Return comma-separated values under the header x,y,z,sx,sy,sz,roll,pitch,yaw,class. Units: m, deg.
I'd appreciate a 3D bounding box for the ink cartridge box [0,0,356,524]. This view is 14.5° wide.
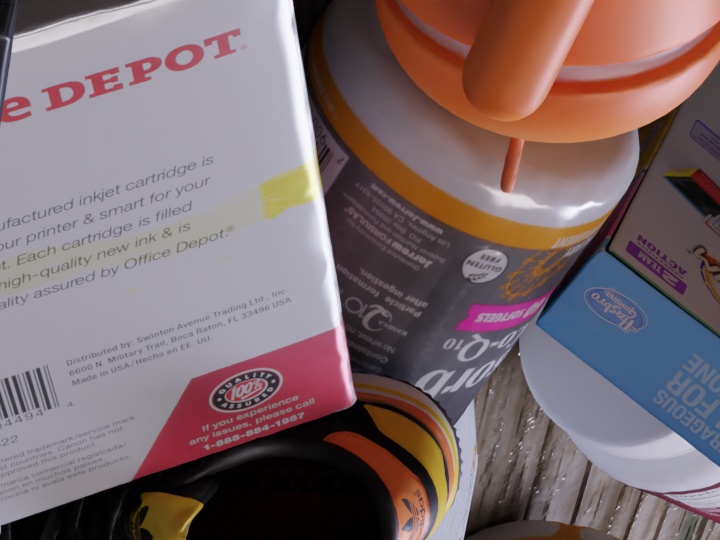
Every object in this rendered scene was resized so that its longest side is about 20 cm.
x,y,z,sx,sy,sz,roll,pitch,yaw,class
-0.089,-0.026,0.807,0.145,0.083,0.200,-17,142,-8,ink cartridge box

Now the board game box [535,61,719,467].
x,y,z,sx,sy,sz,roll,pitch,yaw,class
0.156,0.008,1.032,0.040,0.153,0.200,-51,-178,31,board game box

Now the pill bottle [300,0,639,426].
x,y,z,sx,sy,sz,roll,pitch,yaw,class
0.000,0.000,0.973,0.116,0.116,0.200,-8,143,-42,pill bottle

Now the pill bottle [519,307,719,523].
x,y,z,sx,sy,sz,roll,pitch,yaw,class
0.150,0.046,1.223,0.114,0.114,0.200,-41,153,12,pill bottle

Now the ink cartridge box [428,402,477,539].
x,y,z,sx,sy,sz,roll,pitch,yaw,class
0.008,0.112,1.112,0.047,0.198,0.200,9,151,12,ink cartridge box

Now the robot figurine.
x,y,z,sx,sy,sz,roll,pitch,yaw,class
0.060,-0.119,0.824,0.117,0.144,0.200,-17,138,-18,robot figurine

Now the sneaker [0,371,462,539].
x,y,z,sx,sy,sz,roll,pitch,yaw,class
-0.071,0.070,0.897,0.200,0.070,0.090,-3,-170,9,sneaker

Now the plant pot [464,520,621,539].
x,y,z,sx,sy,sz,roll,pitch,yaw,class
0.085,0.230,1.395,0.200,0.200,0.183,-20,134,-27,plant pot

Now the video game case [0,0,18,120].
x,y,z,sx,sy,sz,roll,pitch,yaw,class
-0.192,-0.023,0.701,0.200,0.026,0.181,9,141,-7,video game case
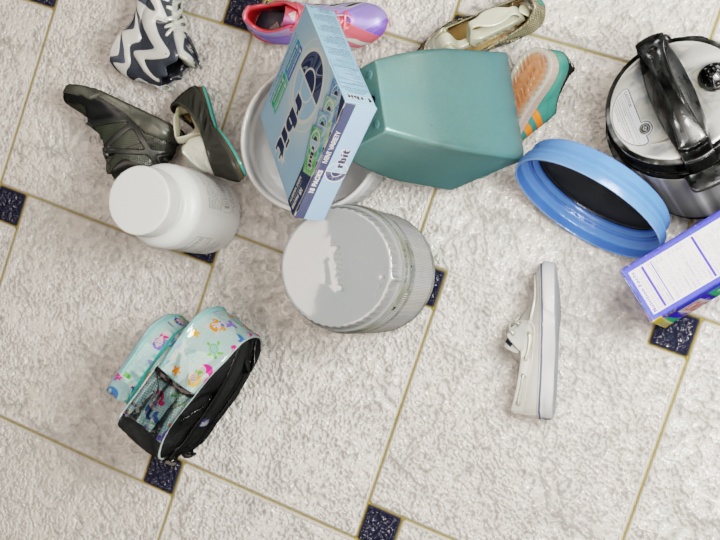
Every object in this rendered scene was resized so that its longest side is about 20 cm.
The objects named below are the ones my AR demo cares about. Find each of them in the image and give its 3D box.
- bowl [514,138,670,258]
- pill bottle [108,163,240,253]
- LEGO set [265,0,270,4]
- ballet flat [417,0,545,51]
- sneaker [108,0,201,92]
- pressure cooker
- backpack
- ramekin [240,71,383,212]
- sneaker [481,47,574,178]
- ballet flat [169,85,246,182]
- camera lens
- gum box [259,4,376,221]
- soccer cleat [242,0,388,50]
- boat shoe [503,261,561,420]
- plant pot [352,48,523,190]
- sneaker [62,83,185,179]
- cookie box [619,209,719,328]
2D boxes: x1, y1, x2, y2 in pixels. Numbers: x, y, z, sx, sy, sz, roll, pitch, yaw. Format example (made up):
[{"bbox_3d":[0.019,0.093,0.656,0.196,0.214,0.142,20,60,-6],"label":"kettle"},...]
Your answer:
[{"bbox_3d":[0.281,-0.087,1.369,0.200,0.201,0.039,31,78,16],"label":"bowl"},{"bbox_3d":[-0.251,-0.084,1.534,0.114,0.200,0.115,-1,87,18],"label":"pill bottle"},{"bbox_3d":[-0.080,-0.404,1.501,0.153,0.200,0.117,7,98,5],"label":"LEGO set"},{"bbox_3d":[0.144,-0.307,1.480,0.199,0.075,0.068,-25,82,16],"label":"ballet flat"},{"bbox_3d":[-0.261,-0.345,1.611,0.129,0.079,0.200,34,98,15],"label":"sneaker"},{"bbox_3d":[0.378,-0.172,1.316,0.175,0.200,0.179,26,84,35],"label":"pressure cooker"},{"bbox_3d":[-0.230,0.139,1.533,0.150,0.178,0.200,42,96,10],"label":"backpack"},{"bbox_3d":[-0.050,-0.170,1.523,0.199,0.105,0.201,-1,87,18],"label":"ramekin"},{"bbox_3d":[0.205,-0.196,1.462,0.072,0.080,0.200,55,126,28],"label":"sneaker"},{"bbox_3d":[-0.216,-0.178,1.564,0.068,0.068,0.200,-23,47,-6],"label":"ballet flat"},{"bbox_3d":[0.000,0.000,1.449,0.159,0.200,0.161,-1,88,18],"label":"camera lens"},{"bbox_3d":[-0.055,-0.189,1.359,0.170,0.044,0.201,-62,33,36],"label":"gum box"},{"bbox_3d":[-0.063,-0.338,1.547,0.199,0.076,0.067,5,89,18],"label":"soccer cleat"},{"bbox_3d":[0.217,0.088,1.448,0.069,0.071,0.201,3,95,15],"label":"boat shoe"},{"bbox_3d":[0.074,-0.190,1.397,0.141,0.199,0.142,-20,74,49],"label":"plant pot"},{"bbox_3d":[-0.360,-0.192,1.638,0.199,0.076,0.115,28,90,11],"label":"sneaker"},{"bbox_3d":[0.416,-0.015,1.333,0.199,0.171,0.075,-33,76,15],"label":"cookie box"}]
+++
* Task requirements: Reproduce the complete set of records verbatim and omit the pictures.

* Exercise solution:
Return comma-separated values under the header x,y,z,sx,sy,sz,roll,pitch,yaw,class. Units: m, deg.
I'd appreciate a 3D bounding box for the ink cartridge box [0,0,356,524]. This view is 14.5° wide.
Every object in this rendered scene was resized so that its longest side is about 20 cm.
x,y,z,sx,sy,sz,roll,pitch,yaw,class
-0.089,-0.026,0.807,0.145,0.083,0.200,-17,142,-8,ink cartridge box

Now the board game box [535,61,719,467].
x,y,z,sx,sy,sz,roll,pitch,yaw,class
0.156,0.008,1.032,0.040,0.153,0.200,-51,-178,31,board game box

Now the pill bottle [300,0,639,426].
x,y,z,sx,sy,sz,roll,pitch,yaw,class
0.000,0.000,0.973,0.116,0.116,0.200,-8,143,-42,pill bottle

Now the pill bottle [519,307,719,523].
x,y,z,sx,sy,sz,roll,pitch,yaw,class
0.150,0.046,1.223,0.114,0.114,0.200,-41,153,12,pill bottle

Now the ink cartridge box [428,402,477,539].
x,y,z,sx,sy,sz,roll,pitch,yaw,class
0.008,0.112,1.112,0.047,0.198,0.200,9,151,12,ink cartridge box

Now the robot figurine.
x,y,z,sx,sy,sz,roll,pitch,yaw,class
0.060,-0.119,0.824,0.117,0.144,0.200,-17,138,-18,robot figurine

Now the sneaker [0,371,462,539].
x,y,z,sx,sy,sz,roll,pitch,yaw,class
-0.071,0.070,0.897,0.200,0.070,0.090,-3,-170,9,sneaker

Now the plant pot [464,520,621,539].
x,y,z,sx,sy,sz,roll,pitch,yaw,class
0.085,0.230,1.395,0.200,0.200,0.183,-20,134,-27,plant pot

Now the video game case [0,0,18,120].
x,y,z,sx,sy,sz,roll,pitch,yaw,class
-0.192,-0.023,0.701,0.200,0.026,0.181,9,141,-7,video game case
Every object in this rendered scene was resized so that its longest side is about 20 cm.
The objects named below are the ones my AR demo cares about. Find each of them in the image and give its 3D box.
- bowl [514,138,670,258]
- pill bottle [108,163,240,253]
- LEGO set [265,0,270,4]
- ballet flat [417,0,545,51]
- sneaker [108,0,201,92]
- pressure cooker
- backpack
- ramekin [240,71,383,212]
- sneaker [481,47,574,178]
- ballet flat [169,85,246,182]
- camera lens
- gum box [259,4,376,221]
- soccer cleat [242,0,388,50]
- boat shoe [503,261,561,420]
- plant pot [352,48,523,190]
- sneaker [62,83,185,179]
- cookie box [619,209,719,328]
2D boxes: x1, y1, x2, y2 in pixels. Numbers: x, y, z, sx, sy, sz, roll, pitch, yaw. Format example (made up):
[{"bbox_3d":[0.019,0.093,0.656,0.196,0.214,0.142,20,60,-6],"label":"kettle"},...]
Your answer:
[{"bbox_3d":[0.281,-0.087,1.369,0.200,0.201,0.039,31,78,16],"label":"bowl"},{"bbox_3d":[-0.251,-0.084,1.534,0.114,0.200,0.115,-1,87,18],"label":"pill bottle"},{"bbox_3d":[-0.080,-0.404,1.501,0.153,0.200,0.117,7,98,5],"label":"LEGO set"},{"bbox_3d":[0.144,-0.307,1.480,0.199,0.075,0.068,-25,82,16],"label":"ballet flat"},{"bbox_3d":[-0.261,-0.345,1.611,0.129,0.079,0.200,34,98,15],"label":"sneaker"},{"bbox_3d":[0.378,-0.172,1.316,0.175,0.200,0.179,26,84,35],"label":"pressure cooker"},{"bbox_3d":[-0.230,0.139,1.533,0.150,0.178,0.200,42,96,10],"label":"backpack"},{"bbox_3d":[-0.050,-0.170,1.523,0.199,0.105,0.201,-1,87,18],"label":"ramekin"},{"bbox_3d":[0.205,-0.196,1.462,0.072,0.080,0.200,55,126,28],"label":"sneaker"},{"bbox_3d":[-0.216,-0.178,1.564,0.068,0.068,0.200,-23,47,-6],"label":"ballet flat"},{"bbox_3d":[0.000,0.000,1.449,0.159,0.200,0.161,-1,88,18],"label":"camera lens"},{"bbox_3d":[-0.055,-0.189,1.359,0.170,0.044,0.201,-62,33,36],"label":"gum box"},{"bbox_3d":[-0.063,-0.338,1.547,0.199,0.076,0.067,5,89,18],"label":"soccer cleat"},{"bbox_3d":[0.217,0.088,1.448,0.069,0.071,0.201,3,95,15],"label":"boat shoe"},{"bbox_3d":[0.074,-0.190,1.397,0.141,0.199,0.142,-20,74,49],"label":"plant pot"},{"bbox_3d":[-0.360,-0.192,1.638,0.199,0.076,0.115,28,90,11],"label":"sneaker"},{"bbox_3d":[0.416,-0.015,1.333,0.199,0.171,0.075,-33,76,15],"label":"cookie box"}]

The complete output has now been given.